Exercise inputs:

=== Section Start ===

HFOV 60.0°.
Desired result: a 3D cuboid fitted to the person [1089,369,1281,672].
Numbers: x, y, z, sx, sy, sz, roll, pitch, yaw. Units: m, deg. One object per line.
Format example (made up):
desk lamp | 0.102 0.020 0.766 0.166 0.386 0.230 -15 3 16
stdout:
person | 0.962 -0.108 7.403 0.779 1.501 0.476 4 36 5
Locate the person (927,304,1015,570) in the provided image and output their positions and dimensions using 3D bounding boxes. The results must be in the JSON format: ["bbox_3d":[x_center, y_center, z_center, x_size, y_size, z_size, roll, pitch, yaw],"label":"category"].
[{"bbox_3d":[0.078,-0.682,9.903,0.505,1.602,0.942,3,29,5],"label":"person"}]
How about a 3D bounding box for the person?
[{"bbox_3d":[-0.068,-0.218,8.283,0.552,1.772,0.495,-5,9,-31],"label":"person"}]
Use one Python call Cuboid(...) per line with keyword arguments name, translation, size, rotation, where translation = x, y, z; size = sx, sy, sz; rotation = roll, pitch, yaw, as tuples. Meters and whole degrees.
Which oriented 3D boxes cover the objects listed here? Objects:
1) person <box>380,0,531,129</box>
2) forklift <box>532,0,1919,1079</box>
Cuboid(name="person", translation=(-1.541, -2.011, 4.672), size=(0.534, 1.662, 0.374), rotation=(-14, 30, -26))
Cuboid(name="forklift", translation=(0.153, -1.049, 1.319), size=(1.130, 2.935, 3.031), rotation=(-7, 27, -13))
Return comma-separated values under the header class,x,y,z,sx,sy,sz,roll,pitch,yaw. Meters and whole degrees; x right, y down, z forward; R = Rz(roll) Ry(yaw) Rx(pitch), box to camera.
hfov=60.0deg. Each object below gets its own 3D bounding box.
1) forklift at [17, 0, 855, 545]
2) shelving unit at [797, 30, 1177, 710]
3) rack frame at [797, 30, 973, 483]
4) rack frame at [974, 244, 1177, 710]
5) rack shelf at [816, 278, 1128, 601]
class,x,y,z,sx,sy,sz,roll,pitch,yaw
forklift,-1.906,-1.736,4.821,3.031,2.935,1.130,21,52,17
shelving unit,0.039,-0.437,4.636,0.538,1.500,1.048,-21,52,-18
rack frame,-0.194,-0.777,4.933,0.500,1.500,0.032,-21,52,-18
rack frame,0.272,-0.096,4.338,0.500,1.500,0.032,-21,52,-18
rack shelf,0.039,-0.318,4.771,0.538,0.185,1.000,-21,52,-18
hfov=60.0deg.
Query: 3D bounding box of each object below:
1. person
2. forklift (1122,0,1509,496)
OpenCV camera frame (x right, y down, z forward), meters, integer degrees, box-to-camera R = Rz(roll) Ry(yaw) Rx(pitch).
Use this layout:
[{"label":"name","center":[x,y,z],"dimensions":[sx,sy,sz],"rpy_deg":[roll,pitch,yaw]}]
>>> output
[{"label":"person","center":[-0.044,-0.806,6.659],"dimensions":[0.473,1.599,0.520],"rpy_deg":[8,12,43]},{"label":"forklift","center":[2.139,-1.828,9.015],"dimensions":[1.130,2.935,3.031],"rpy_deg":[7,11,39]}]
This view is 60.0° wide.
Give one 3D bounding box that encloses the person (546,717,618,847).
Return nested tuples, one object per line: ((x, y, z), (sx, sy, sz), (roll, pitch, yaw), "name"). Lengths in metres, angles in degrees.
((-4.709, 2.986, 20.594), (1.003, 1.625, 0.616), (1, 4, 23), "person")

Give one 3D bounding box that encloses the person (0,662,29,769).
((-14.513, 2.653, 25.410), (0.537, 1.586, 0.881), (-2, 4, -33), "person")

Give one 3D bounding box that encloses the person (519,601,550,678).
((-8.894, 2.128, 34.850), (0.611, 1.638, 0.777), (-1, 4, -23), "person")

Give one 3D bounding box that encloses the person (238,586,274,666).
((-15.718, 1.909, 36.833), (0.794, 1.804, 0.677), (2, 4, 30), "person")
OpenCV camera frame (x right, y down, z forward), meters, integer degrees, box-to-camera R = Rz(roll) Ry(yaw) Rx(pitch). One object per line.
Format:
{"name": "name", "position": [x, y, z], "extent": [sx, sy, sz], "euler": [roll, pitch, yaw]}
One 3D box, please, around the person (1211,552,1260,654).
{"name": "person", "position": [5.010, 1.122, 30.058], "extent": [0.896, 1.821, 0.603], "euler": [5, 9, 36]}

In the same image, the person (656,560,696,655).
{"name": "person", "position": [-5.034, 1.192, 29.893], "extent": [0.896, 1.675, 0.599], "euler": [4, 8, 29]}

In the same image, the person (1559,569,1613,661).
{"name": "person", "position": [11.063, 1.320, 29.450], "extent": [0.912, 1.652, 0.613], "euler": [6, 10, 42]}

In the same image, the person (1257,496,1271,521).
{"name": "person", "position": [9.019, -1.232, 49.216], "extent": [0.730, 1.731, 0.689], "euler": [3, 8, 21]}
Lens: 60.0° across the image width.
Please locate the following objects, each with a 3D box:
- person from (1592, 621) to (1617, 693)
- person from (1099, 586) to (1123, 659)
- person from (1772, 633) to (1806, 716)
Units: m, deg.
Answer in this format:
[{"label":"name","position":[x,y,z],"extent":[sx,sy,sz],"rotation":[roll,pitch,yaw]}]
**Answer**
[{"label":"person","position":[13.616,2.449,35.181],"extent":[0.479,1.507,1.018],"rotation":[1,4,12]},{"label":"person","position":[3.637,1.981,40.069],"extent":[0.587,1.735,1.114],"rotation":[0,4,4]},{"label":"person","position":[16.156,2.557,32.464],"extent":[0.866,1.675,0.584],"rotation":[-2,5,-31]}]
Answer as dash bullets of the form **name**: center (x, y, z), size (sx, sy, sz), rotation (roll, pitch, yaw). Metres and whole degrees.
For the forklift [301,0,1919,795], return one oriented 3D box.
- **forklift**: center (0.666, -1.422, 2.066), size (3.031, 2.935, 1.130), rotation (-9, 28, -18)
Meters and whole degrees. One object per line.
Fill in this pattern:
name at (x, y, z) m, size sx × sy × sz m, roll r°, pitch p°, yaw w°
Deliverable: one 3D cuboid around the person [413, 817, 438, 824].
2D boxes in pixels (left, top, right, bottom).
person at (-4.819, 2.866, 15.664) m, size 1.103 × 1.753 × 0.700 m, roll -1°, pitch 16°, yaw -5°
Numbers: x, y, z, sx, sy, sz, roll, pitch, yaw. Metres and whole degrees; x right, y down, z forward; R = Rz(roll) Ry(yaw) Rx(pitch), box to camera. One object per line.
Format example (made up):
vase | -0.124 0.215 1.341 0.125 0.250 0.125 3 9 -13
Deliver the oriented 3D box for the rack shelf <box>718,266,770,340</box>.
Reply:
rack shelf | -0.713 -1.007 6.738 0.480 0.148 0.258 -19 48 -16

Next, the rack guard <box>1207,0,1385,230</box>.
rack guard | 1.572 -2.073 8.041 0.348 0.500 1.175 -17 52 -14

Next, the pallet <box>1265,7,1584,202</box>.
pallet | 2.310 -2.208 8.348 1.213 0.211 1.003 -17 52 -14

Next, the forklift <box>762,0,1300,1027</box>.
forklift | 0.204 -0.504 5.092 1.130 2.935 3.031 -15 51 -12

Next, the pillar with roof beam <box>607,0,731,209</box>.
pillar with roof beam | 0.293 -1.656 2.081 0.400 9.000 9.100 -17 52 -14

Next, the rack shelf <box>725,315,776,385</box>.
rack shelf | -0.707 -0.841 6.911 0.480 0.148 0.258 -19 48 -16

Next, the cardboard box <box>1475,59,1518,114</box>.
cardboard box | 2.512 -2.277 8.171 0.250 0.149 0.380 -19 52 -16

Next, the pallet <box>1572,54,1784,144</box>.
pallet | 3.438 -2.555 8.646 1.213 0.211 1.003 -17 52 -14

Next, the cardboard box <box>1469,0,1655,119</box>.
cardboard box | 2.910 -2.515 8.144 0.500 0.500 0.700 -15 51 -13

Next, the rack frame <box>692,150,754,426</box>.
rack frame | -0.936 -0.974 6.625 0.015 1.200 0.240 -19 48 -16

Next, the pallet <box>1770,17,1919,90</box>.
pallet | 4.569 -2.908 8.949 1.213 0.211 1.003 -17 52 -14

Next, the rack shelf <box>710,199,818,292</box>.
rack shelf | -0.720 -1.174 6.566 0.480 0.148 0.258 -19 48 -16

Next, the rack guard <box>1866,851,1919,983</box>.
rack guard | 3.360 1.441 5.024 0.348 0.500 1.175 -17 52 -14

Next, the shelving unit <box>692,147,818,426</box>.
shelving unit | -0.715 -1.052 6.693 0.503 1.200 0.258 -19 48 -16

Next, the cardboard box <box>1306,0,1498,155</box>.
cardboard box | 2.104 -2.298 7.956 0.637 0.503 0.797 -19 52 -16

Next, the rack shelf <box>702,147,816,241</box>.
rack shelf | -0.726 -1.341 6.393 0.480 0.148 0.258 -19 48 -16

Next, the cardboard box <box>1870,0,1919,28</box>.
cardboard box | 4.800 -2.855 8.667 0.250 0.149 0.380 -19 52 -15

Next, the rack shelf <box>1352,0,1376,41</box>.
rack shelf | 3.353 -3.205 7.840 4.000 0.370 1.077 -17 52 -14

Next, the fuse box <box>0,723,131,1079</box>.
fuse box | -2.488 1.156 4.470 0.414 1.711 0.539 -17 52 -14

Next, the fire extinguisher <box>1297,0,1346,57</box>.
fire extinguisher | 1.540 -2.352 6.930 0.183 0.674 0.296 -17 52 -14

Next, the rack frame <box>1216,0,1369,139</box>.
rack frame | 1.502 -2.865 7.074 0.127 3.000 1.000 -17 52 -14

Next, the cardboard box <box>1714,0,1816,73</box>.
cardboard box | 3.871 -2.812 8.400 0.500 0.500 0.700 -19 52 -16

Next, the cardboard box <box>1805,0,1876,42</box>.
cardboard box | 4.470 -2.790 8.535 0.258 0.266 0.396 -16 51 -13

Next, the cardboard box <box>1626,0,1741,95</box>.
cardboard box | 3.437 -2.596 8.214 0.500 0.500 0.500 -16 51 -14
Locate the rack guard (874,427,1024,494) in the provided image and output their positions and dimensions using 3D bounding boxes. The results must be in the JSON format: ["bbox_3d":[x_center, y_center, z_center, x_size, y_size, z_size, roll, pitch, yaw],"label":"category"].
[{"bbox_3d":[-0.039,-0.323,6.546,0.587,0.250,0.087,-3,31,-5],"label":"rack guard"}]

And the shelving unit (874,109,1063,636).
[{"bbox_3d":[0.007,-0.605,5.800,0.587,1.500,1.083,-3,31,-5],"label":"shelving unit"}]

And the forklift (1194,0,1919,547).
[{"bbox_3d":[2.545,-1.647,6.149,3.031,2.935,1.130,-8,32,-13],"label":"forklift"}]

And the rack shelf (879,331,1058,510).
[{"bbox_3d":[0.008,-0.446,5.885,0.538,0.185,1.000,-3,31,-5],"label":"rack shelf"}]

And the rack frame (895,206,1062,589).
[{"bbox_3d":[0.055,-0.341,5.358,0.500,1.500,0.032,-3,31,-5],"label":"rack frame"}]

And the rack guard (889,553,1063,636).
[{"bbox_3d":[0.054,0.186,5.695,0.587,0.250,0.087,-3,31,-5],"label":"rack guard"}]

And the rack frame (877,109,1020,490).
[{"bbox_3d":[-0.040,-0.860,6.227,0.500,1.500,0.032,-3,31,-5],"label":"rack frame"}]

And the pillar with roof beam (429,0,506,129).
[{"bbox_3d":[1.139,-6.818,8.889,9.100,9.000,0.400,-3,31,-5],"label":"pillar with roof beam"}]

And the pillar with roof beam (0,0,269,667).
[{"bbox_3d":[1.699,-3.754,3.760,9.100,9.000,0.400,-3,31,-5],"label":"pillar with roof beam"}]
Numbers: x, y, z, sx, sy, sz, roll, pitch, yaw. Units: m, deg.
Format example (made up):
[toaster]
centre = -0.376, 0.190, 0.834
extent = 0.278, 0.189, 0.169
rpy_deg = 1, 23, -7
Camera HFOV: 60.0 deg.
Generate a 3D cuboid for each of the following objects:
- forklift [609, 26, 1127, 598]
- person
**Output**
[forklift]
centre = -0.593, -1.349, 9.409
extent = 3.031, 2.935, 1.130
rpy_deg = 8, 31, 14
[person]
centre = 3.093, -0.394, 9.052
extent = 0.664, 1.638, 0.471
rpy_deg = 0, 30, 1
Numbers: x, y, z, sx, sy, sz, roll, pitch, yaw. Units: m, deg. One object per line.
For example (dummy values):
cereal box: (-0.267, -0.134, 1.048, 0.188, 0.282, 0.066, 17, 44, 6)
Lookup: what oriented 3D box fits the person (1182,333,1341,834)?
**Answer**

=== Section End ===

About this exercise: Note each line above that contains "below" and copy it out.

Written reply:
hfov=60.0deg. Each object below gets its own 3D bounding box.
Query: 3D bounding box of each object below:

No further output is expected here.